放課後
中学の同級生と会いました。成人式から、不定期に飯を食べる関係が続いていますが、かなり気に入っています。もう2年も経つようで、時の流れは本当に速いなと思うばかりです。
夕飯を終えると、大抵はコンビニへと向かいます。菓子やジュースを携えて、公園で駄弁るのです。ただ、今回は公園へ寄らず、歩いて帰ることになりました。夜は寒いですからね。
電車なら10分ほどの距離を、1時間以上掛けて歩いていく。夜に包まれた街道で、何も考えずに駄弁り、ゆっくりと家路を辿る。この放課後みたいな時間が、本当に好きなのです。
幸せな時間は短いもので、気付けば解散場所が近付いてきました。終わりは確実に迫っている。見慣れた道は、何となく距離が分かってしまって、少し嫌だなと思いました。もっと余韻に浸りたくて、まだ幸福を味わっていたくて、現実と反発するような感情が、じんわりと溢れてきました。
「ずっと続けばいいのに」
「この放課後みたいな時間が、ずっと続いたらな」
気付けば、そんなことを口走っていました。寂しい終末に向けた、小さな抵抗。半ば愚痴のように吐いた言葉を、友人たちは丁寧に拾ってくれました。
改札で解散するのは寂しいとか、段々こんな機会も減っているとか、やっぱり歩いて駄弁るのが楽しいとか、そんなことを話しました。友人の共感を得て、少し肩の力が抜けました。みんな同じことを思っていたのだと、それを共有できて良かったと。薄緑色の電灯が、少し明るく見えました。その後、本当に少しだけ遠回りをしました。

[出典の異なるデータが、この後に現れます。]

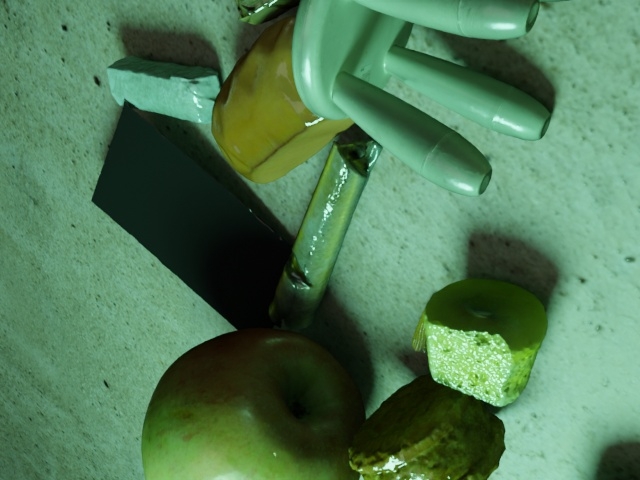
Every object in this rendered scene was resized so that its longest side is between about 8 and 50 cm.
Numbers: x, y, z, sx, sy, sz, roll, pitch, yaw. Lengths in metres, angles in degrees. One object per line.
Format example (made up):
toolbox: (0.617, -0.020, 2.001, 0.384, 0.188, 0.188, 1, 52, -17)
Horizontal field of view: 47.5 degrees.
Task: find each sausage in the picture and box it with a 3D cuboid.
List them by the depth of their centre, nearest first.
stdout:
sausage: (-0.046, -0.155, 0.847, 0.241, 0.120, 0.136, -38, 72, 48)

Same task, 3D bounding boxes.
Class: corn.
corn: (0.135, 0.110, 0.913, 0.027, 0.028, 0.083, 37, 131, 28)

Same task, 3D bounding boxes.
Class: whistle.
whistle: (0.000, -0.001, 0.941, 0.057, 0.068, 0.326, 57, 142, 33)

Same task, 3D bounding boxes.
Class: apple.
apple: (-0.080, 0.271, 1.002, 0.277, 0.319, 0.319, -31, 92, 45)

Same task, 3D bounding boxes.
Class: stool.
stool: (0.103, -0.169, 0.644, 0.199, 0.195, 0.195, 29, 131, 25)

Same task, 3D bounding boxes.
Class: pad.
pad: (-0.190, -0.012, 1.109, 0.367, 0.007, 0.247, 41, 137, 3)

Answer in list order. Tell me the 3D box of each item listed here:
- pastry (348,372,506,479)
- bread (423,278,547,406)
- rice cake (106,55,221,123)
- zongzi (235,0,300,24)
pastry: (0.129, 0.244, 0.885, 0.103, 0.189, 0.189, 54, 138, -5)
bread: (0.182, 0.106, 0.805, 0.129, 0.111, 0.114, 22, 132, 29)
rice cake: (-0.217, -0.213, 1.010, 0.206, 0.063, 0.069, 20, 132, 33)
zongzi: (-0.036, -0.331, 0.767, 0.176, 0.078, 0.160, -16, 103, 36)
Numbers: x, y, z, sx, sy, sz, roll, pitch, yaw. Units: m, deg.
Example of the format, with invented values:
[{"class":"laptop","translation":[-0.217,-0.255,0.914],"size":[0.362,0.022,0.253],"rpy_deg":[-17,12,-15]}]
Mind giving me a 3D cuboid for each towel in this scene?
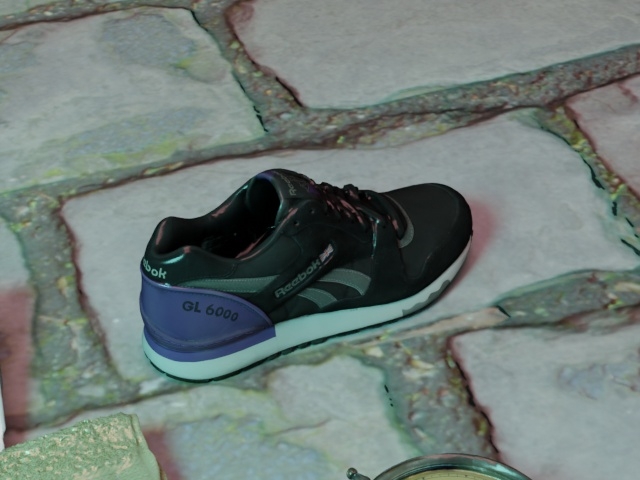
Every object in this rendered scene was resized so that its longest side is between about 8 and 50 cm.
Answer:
[{"class":"towel","translation":[-0.169,0.169,0.955],"size":[0.148,0.027,0.110],"rpy_deg":[-18,51,-22]}]

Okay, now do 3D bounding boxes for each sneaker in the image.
[{"class":"sneaker","translation":[0.000,0.000,1.104],"size":[0.283,0.124,0.107],"rpy_deg":[-23,44,-27]}]

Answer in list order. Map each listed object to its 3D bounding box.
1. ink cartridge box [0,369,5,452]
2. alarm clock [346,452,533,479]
[{"class":"ink cartridge box","translation":[-0.306,0.126,1.024],"size":[0.181,0.056,0.224],"rpy_deg":[-9,58,-11]},{"class":"alarm clock","translation":[0.101,0.195,0.902],"size":[0.192,0.064,0.129],"rpy_deg":[5,38,11]}]

遠回りの先で、アイスの自動販売機がありました。友人を呼び掛けて、薄暗い自販機に集まる。値段を眺めると、思わず驚嘆しました。記憶よりも、ずっと高い。当時は100円台前半だったような気がしますが、今では180円になっていました。これは流石に買えないねと、学生時代へ戻ったように苦笑する。そうして、また帰路に戻りました。
環境も関係も、何もかも変わっていく。変化は悪ではなく、必要な前進だと思います。けれど、この時間だけは、この放課後のような帰路だけは、ずっと手放したくないなと思ったりします。